> [Records drawn from a dataset]
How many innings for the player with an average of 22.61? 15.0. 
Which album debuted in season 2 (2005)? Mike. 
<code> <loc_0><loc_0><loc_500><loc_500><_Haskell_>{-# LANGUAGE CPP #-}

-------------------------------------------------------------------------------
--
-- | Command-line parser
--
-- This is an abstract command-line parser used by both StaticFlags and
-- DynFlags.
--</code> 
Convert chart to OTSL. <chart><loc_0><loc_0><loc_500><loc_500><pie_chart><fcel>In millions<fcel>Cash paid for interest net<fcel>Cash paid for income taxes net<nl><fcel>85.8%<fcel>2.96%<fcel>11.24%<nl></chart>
--
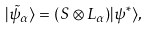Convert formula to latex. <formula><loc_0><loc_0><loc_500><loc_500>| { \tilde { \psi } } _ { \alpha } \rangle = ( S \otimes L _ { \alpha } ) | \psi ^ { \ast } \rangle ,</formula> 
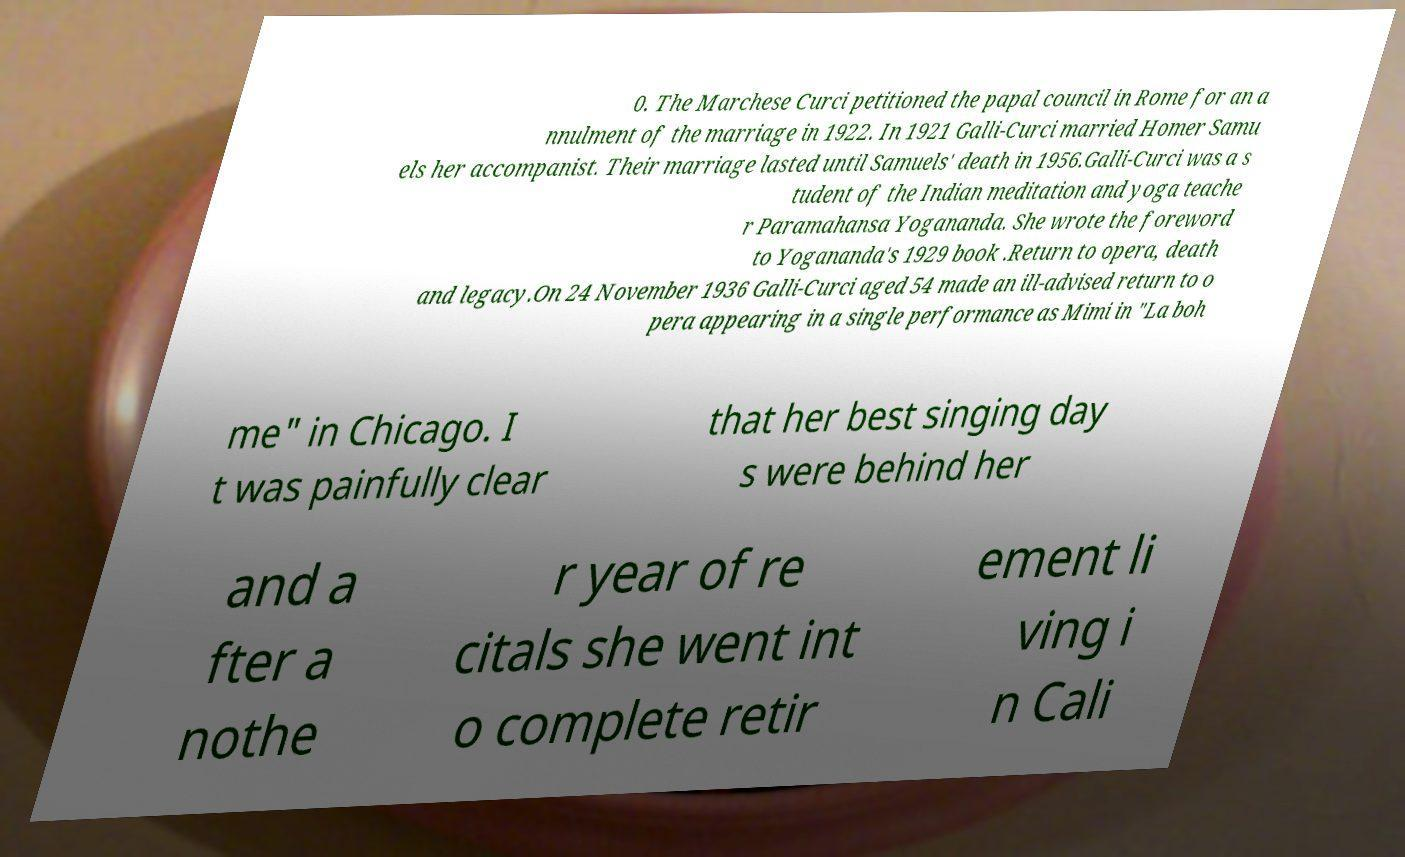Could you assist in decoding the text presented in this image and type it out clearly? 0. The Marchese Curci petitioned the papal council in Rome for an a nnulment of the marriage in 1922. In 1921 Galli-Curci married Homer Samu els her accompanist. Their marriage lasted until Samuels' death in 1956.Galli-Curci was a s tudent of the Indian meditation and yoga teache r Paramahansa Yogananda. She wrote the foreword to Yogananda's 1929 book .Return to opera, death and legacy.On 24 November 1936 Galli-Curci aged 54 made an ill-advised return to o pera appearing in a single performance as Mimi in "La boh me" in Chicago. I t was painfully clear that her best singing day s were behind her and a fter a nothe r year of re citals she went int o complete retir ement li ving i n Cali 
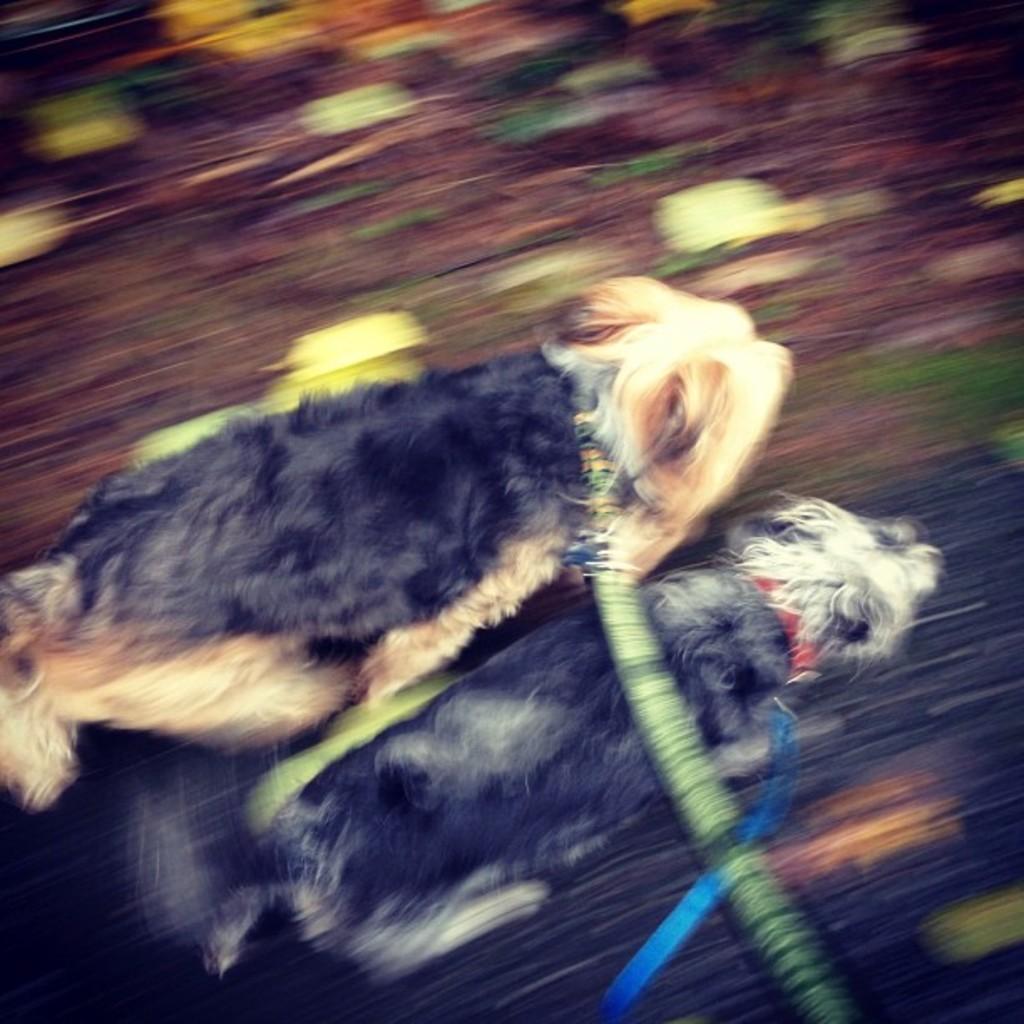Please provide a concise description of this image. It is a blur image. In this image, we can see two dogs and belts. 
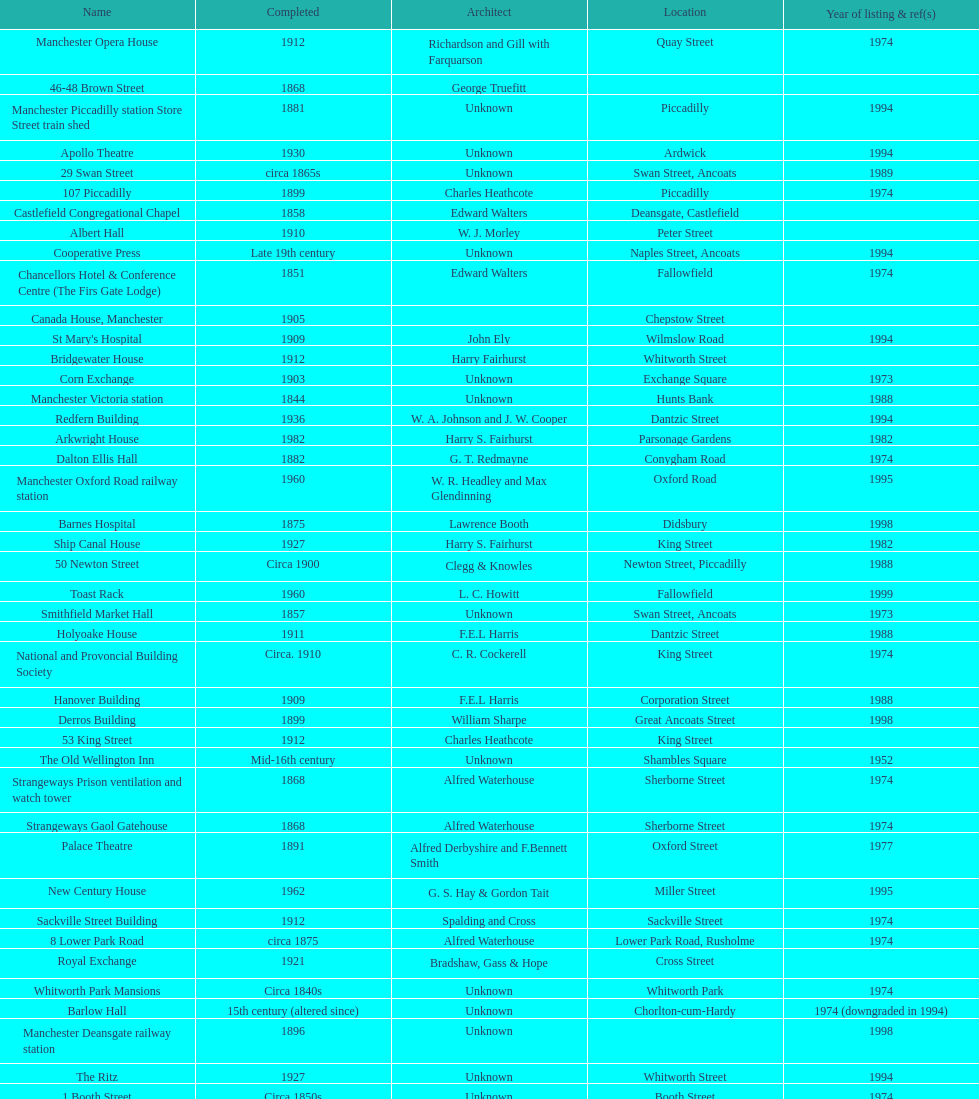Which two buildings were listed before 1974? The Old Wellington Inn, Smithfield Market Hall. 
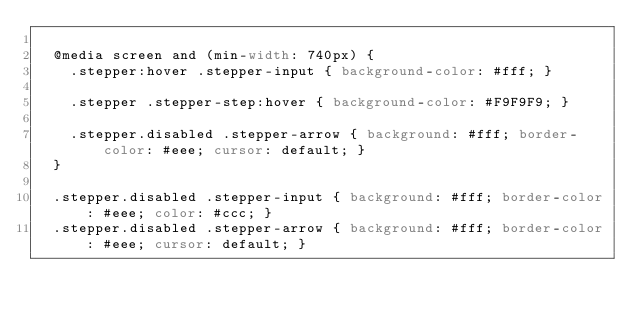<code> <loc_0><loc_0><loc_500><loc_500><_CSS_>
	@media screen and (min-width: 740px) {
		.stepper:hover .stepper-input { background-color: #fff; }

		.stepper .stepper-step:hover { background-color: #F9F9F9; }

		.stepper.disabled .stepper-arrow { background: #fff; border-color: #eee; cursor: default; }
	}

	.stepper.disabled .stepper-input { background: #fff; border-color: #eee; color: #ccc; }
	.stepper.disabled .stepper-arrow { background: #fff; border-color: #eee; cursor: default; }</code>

> [Directions for this task] Write out every line of the data that holds the word "color".

> [Finished task]
		.stepper:hover .stepper-input { background-color: #fff; }
		.stepper .stepper-step:hover { background-color: #F9F9F9; }
		.stepper.disabled .stepper-arrow { background: #fff; border-color: #eee; cursor: default; }
	.stepper.disabled .stepper-input { background: #fff; border-color: #eee; color: #ccc; }
	.stepper.disabled .stepper-arrow { background: #fff; border-color: #eee; cursor: default; }</code>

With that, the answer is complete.